- Born: Christopher James Saunders French 14 October 1925 Hendon, London, England
- Died: 25 March 2003 (aged 77) Oxford, Oxfordshire, England
- Occupations: Barrister and Judge
- Known for: High Court Judge

= Christopher French (judge) =

British barrister and judge

Sir Christopher James Saunders French (14 October 1925 – 25 March 2003) was a British barrister and judge who sat on the High Court of Justice. He is most commonly remembered as the judge who sat on the Sellafield cancer litigation, described as "one of the longest, most complicated and most expensive civil actions ever heard before a British court."

==Early life==

French was born in 1925, the son of Reverend Reginald French, who had won a Military Cross in World War I for rescuing wounded soldiers under enemy fire, and was later named honorary chaplain to the Queen.

He won an academic scholarship first to Denstone College, and then later to Brasenose College, Oxford, where he read law. His university studies were interrupted by the Second World War, where he service in the Coldstream Guards as a sapper. He was discharged in 1948 with the rank of captain, and returned to Oxford to finish his legal studies. Whilst at Oxford he rowed bow for the Brasenose eight.
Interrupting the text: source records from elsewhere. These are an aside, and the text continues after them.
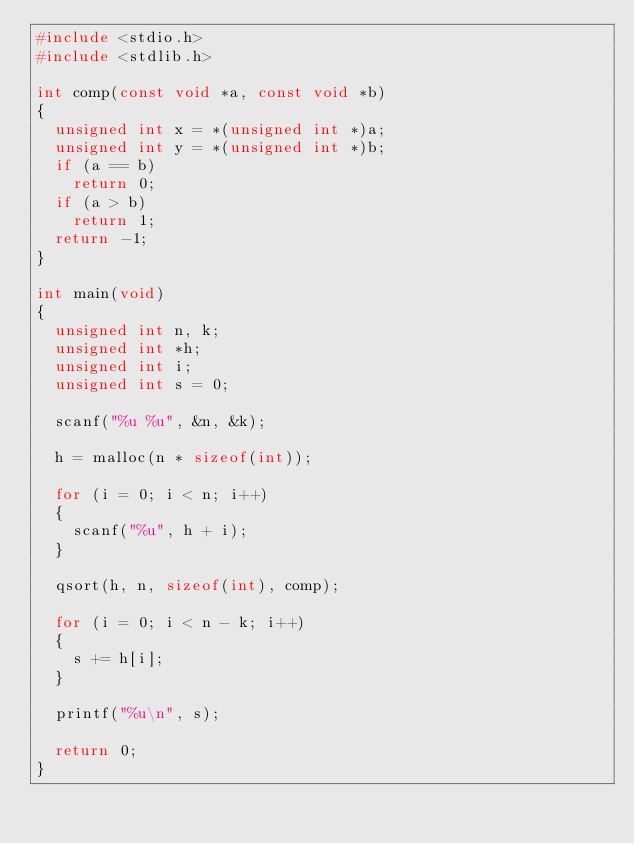<code> <loc_0><loc_0><loc_500><loc_500><_C_>#include <stdio.h>
#include <stdlib.h>

int comp(const void *a, const void *b)
{
	unsigned int x = *(unsigned int *)a;
	unsigned int y = *(unsigned int *)b;
	if (a == b)
		return 0;
	if (a > b)
		return 1;
	return -1;
}

int main(void)
{
	unsigned int n, k;
	unsigned int *h;
	unsigned int i;
	unsigned int s = 0;

	scanf("%u %u", &n, &k);

	h = malloc(n * sizeof(int));

	for (i = 0; i < n; i++)
	{
		scanf("%u", h + i);
	}

	qsort(h, n, sizeof(int), comp);

	for (i = 0; i < n - k; i++)
	{
		s += h[i];
	}

	printf("%u\n", s);

	return 0;
}
</code>

French was called to the Bar in 1950 as a member of the Inner Temple, and he became a tenant at 1 Crown Office Row. He built a general common law practice in London and on the Midland Circuit. He became a Queen's Counsel in 1966 and acting as leading counsel in the Thalidomide litigation. Whilst still at the bar he served as deputy chairman of Buckinghamshire Quarter Sessions from 1966 to 1971 and as Recorder of Coventry from 1972 to 1979.

==Judicial career==

French was appointed as a High Court judge in 1979, and was initially assigned to the Family Division. However he would switch to the Queen's Bench Division three years later. In one of his obituaries, he was described as "being invariably calm, decent, unflustered and not liable to be provoked." Not all commentary on French as a judge was quite so flattering. In his book, Privacy and the Press, Joshua Rozenberg noted acidly that as French was dead he was now free to write openly about his conduct of the libel claim brought by Albert Reynolds against the Sunday Times, but then restrained himself to saying "all I shall say is that there needs to be a better way of ensuring that judges whose powers are in decline through age or illness do not carry on sitting," and noting that in the Court of Appeal Lord Justice Bingham saw the force in the criticisms made of French's conduct of the trial.
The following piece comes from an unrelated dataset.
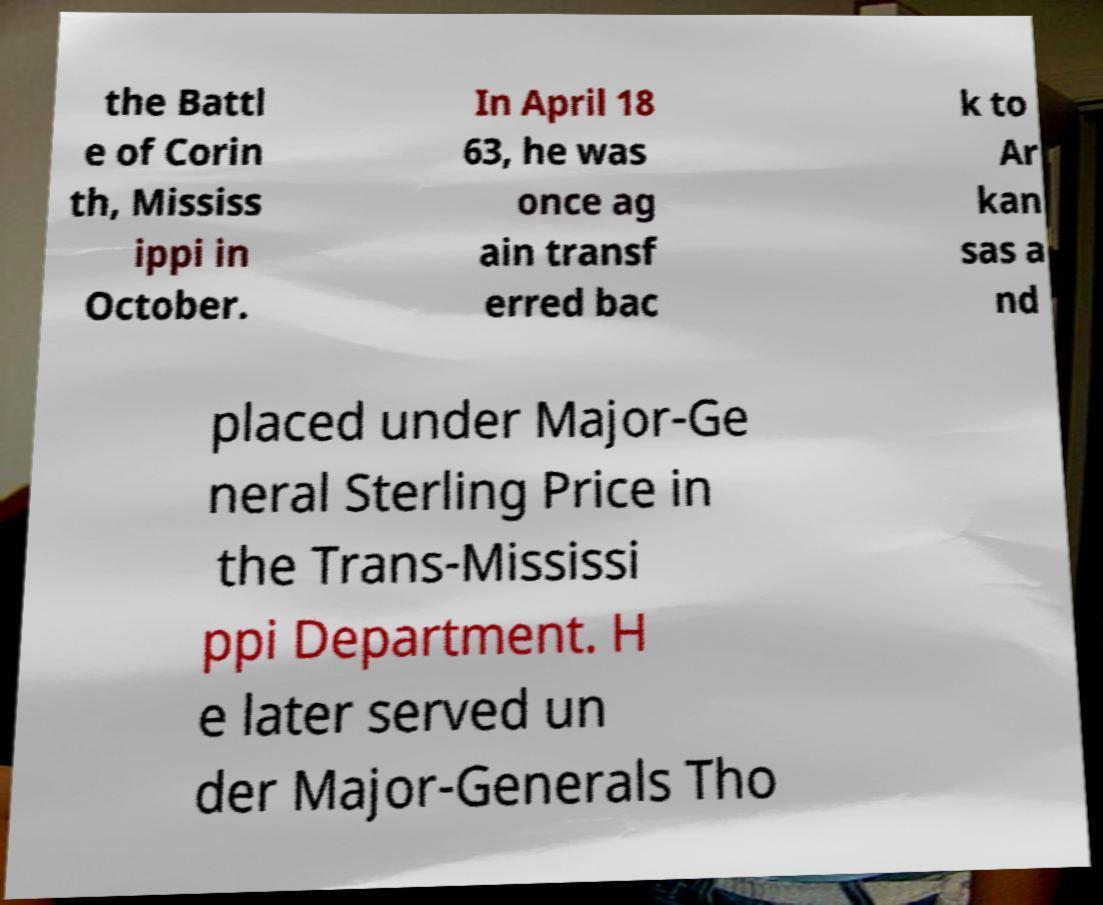Please identify and transcribe the text found in this image. the Battl e of Corin th, Mississ ippi in October. In April 18 63, he was once ag ain transf erred bac k to Ar kan sas a nd placed under Major-Ge neral Sterling Price in the Trans-Mississi ppi Department. H e later served un der Major-Generals Tho

Apart from the Sellafield litigation he presided over a number of high-profile libel trials. In 1986 he awarded the London Symphony Orchestra substantial damages over allegations made in Private Eye that its members were "drunk, dissolute, unruly and irresponsible". Other defamation cases that he presided over included those between Alan Sugar and Terry Venables, Imran Khan and Ian Botham, Graeme Souness and the Mail on Sunday, and Albert Reynolds and the Sunday Times.

Hon Mr Justice French also sat as the judge at first instance in Hazell v Hammersmith and Fulham LBC [1990] 2 QB 697. Although his decision was overturned by the Court of Appeal, it would subsequently be restored by the House of Lords.

==Family==

He married once, in 1957, Philippa Price, and she predeceased him in 2001. They had a son and a daughter.